Can you restate the lines of the entries below, word for word, from the first one through the line that includes "#32 person [801,417,835,567]"?

◇ ◇ ◇ ◇ ◇ ◇ ◇

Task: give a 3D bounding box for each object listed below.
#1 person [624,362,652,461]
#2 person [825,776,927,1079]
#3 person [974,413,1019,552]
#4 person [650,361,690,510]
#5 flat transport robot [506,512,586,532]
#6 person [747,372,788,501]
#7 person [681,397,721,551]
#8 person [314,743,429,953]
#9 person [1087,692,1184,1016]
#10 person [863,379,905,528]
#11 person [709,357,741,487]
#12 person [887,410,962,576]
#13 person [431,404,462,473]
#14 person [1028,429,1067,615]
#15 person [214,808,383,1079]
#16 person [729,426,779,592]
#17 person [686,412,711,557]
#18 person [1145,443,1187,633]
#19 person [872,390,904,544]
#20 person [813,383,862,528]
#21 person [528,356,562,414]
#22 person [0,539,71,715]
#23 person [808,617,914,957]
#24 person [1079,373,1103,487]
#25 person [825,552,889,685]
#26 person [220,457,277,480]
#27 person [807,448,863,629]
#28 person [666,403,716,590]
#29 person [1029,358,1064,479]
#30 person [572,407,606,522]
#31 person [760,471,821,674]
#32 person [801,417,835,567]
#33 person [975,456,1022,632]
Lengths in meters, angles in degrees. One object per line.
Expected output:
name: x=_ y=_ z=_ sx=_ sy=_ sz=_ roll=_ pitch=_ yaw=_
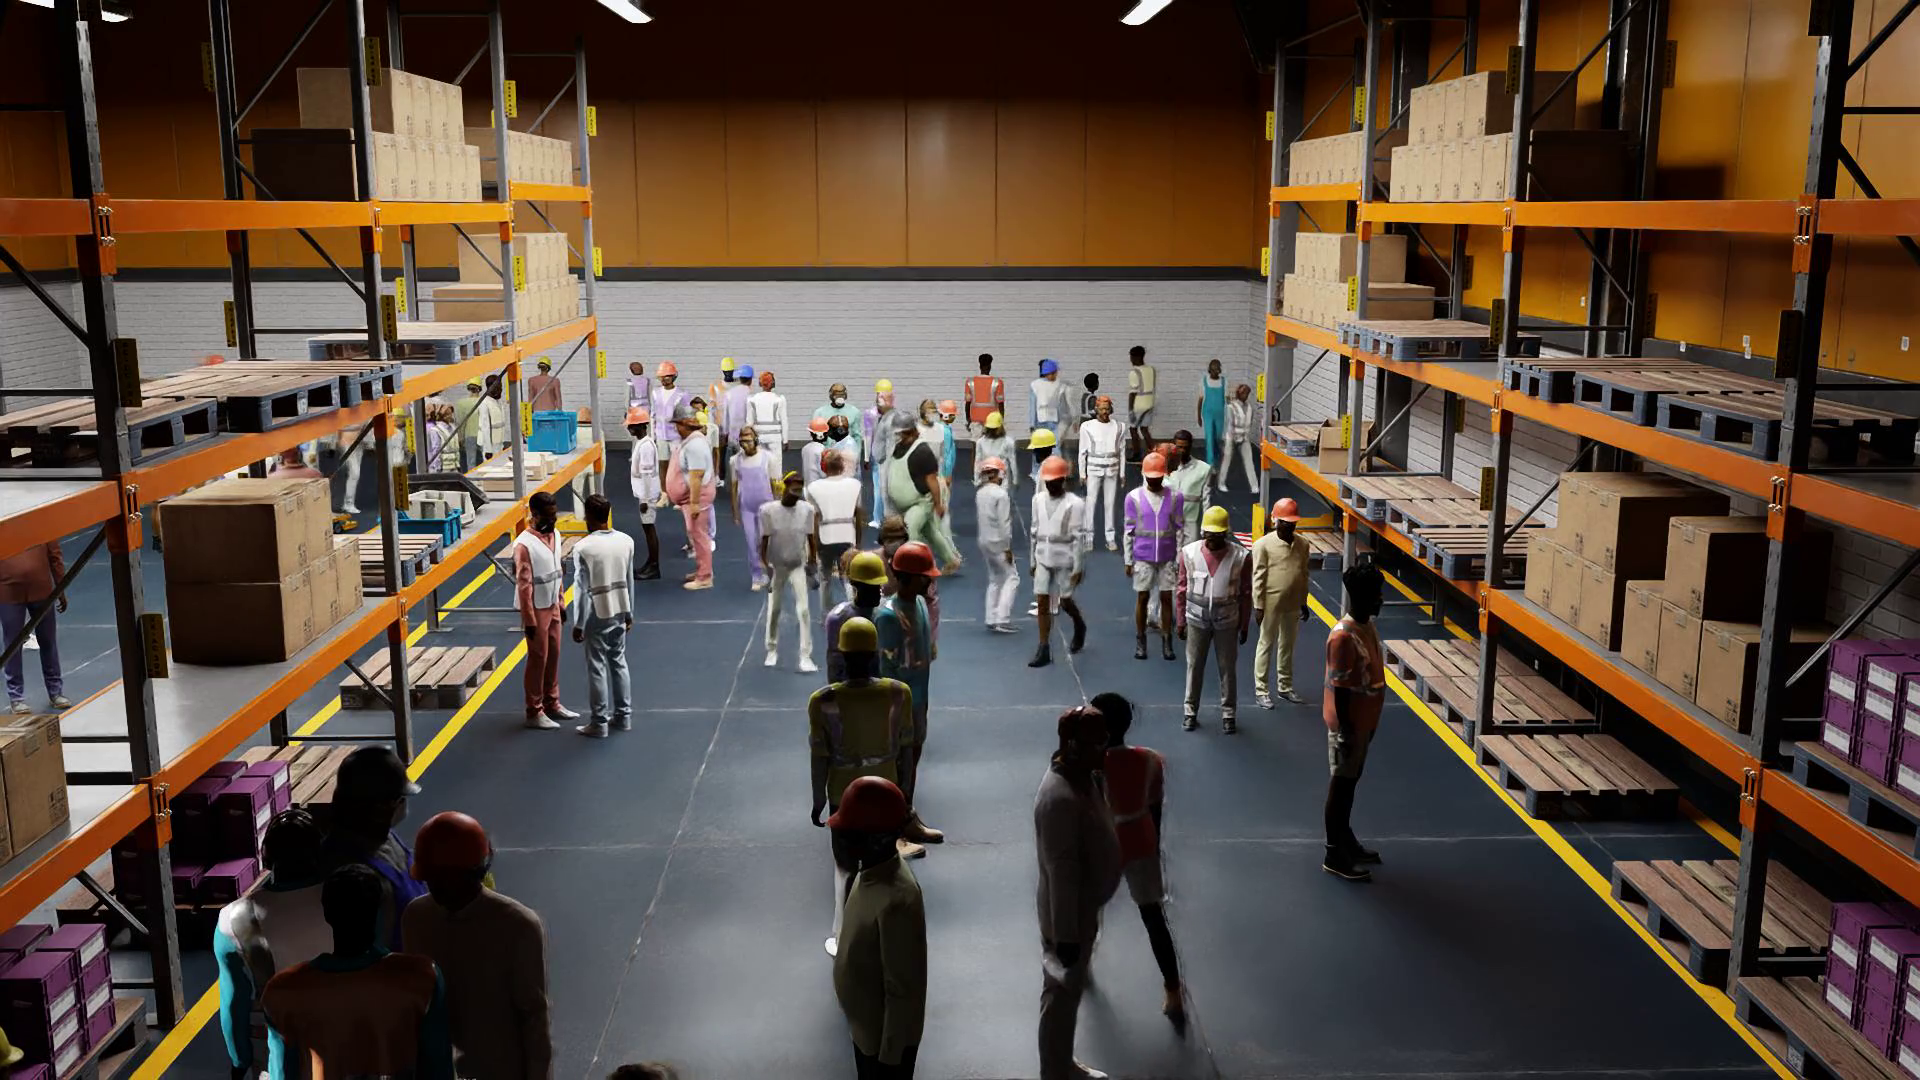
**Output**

◇ ◇ ◇ ◇ ◇ ◇ ◇

# EXPECTED ANSWER:
Task: give a 3D bounding box for each object listed below.
#1 person [624,362,652,461]
#2 person [825,776,927,1079]
#3 person [974,413,1019,552]
#4 person [650,361,690,510]
#5 flat transport robot [506,512,586,532]
#6 person [747,372,788,501]
#7 person [681,397,721,551]
#8 person [314,743,429,953]
#9 person [1087,692,1184,1016]
#10 person [863,379,905,528]
#11 person [709,357,741,487]
#12 person [887,410,962,576]
#13 person [431,404,462,473]
#14 person [1028,429,1067,615]
#15 person [214,808,383,1079]
#16 person [729,426,779,592]
#17 person [686,412,711,557]
#18 person [1145,443,1187,633]
#19 person [872,390,904,544]
#20 person [813,383,862,528]
#21 person [528,356,562,414]
#22 person [0,539,71,715]
#23 person [808,617,914,957]
#24 person [1079,373,1103,487]
#25 person [825,552,889,685]
#26 person [220,457,277,480]
#27 person [807,448,863,629]
#28 person [666,403,716,590]
#29 person [1029,358,1064,479]
#30 person [572,407,606,522]
#31 person [760,471,821,674]
#32 person [801,417,835,567]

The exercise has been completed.